Attualmente possiamo contare circa 6000 lingue viventi.

Tutta la terra aveva una sola lingua e le stesse parole. Emigrando dall’oriente gli uomini capitarono in una pianura nel paese di Sennaar e vi si stabilirono. Si dissero l’un l’altro: “Venite, facciamoci mattoni e cuociamoli al fuoco”. Il mattone servì loro da pietra e il bitume da cemento. Poi dissero: “Venite, costruiamoci una città e una torre, la cui cima tocchi il cielo e facciamoci un nome, per non disperderci su tutta la terra”.

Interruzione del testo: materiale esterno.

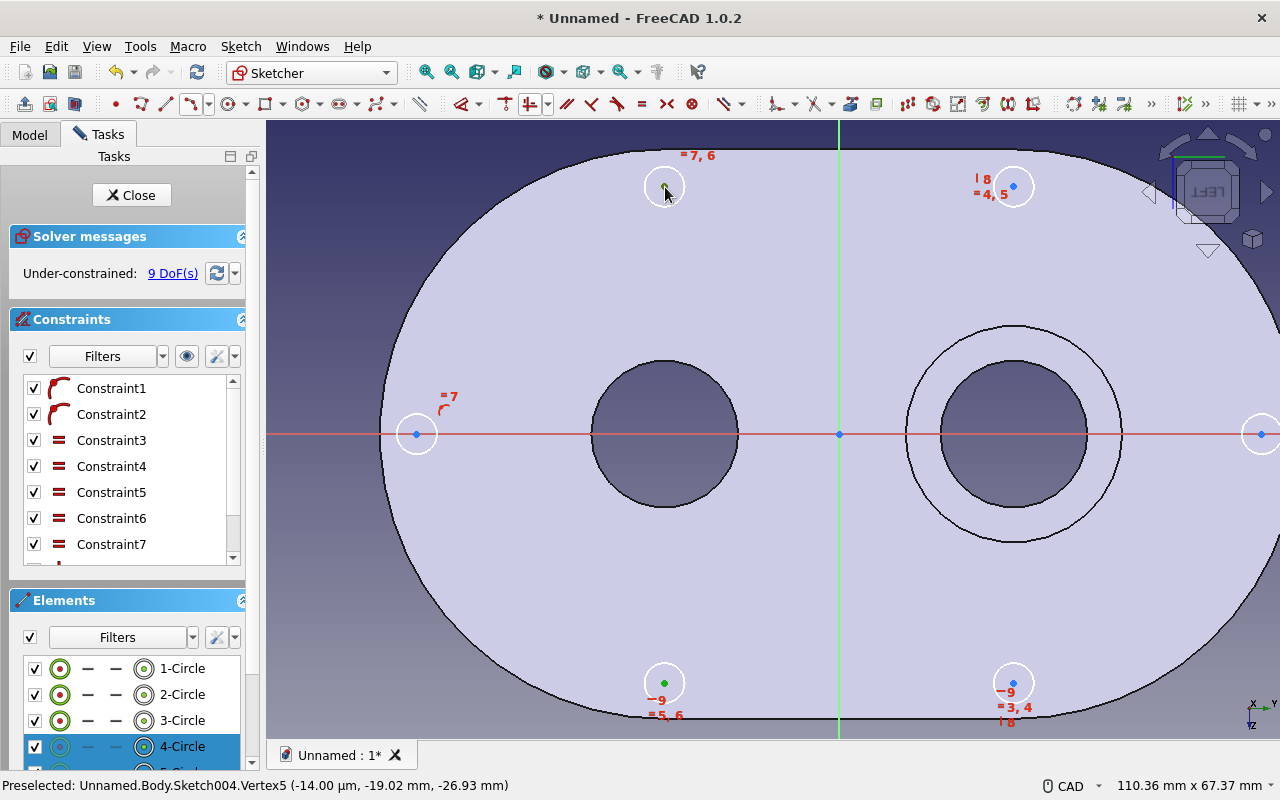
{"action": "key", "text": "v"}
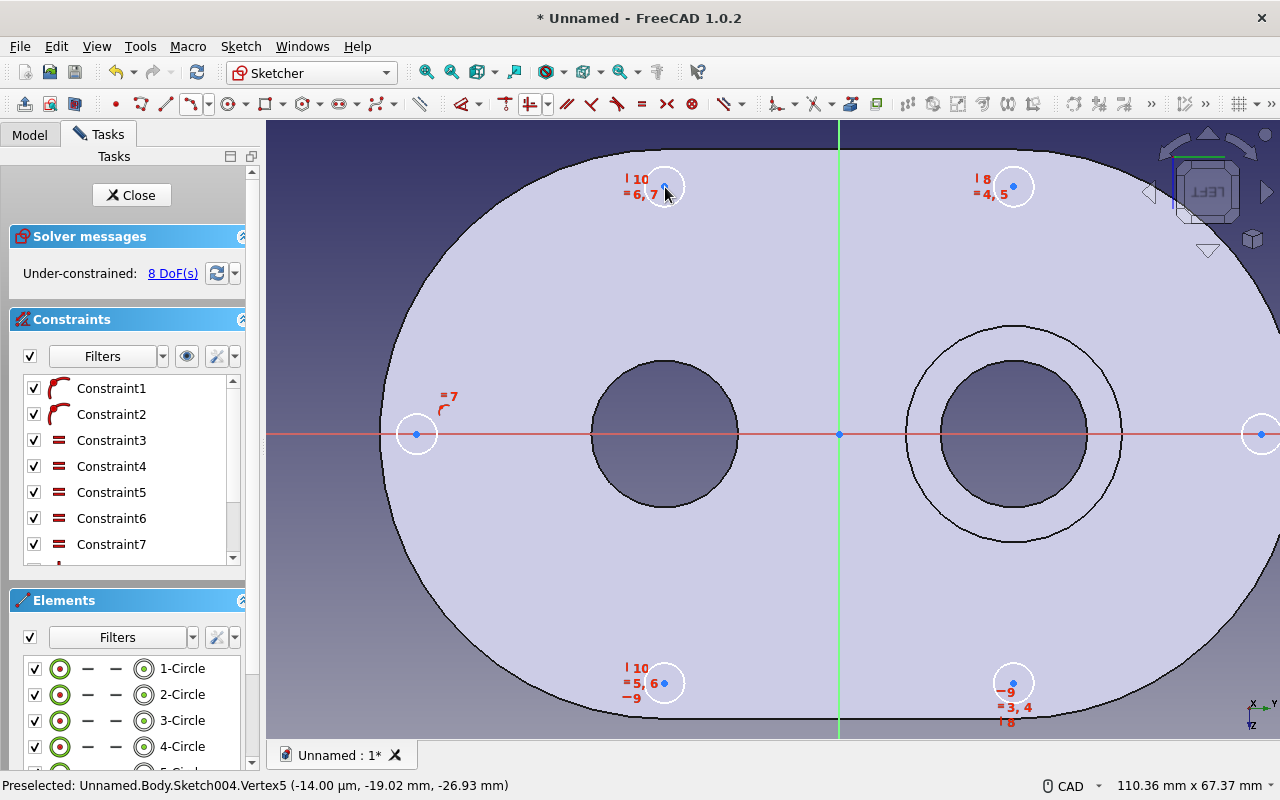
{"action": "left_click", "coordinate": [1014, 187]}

Ma il Signore scese a vedere la città e la torre che gli uomini stavano costruendo.
Il Signore disse: “Ecco, essi sono un solo popolo e hanno tutti una lingua sola; questo è l’inizio della loro opera e ora quanto avranno in progetto di fare non sarà loro impossibile. Scendiamo dunque e confondiamo la loro lingua, perché non comprendano più l’uno la lingua dell’altro”. Il Signore li disperse di là su tutta la terra ed essi cessarono di costruire la città. Per questo la si chiamò Babele, perché là il Signore confuse la lingua di tutta la terra e di là il Signore li disperse su tutta la terra.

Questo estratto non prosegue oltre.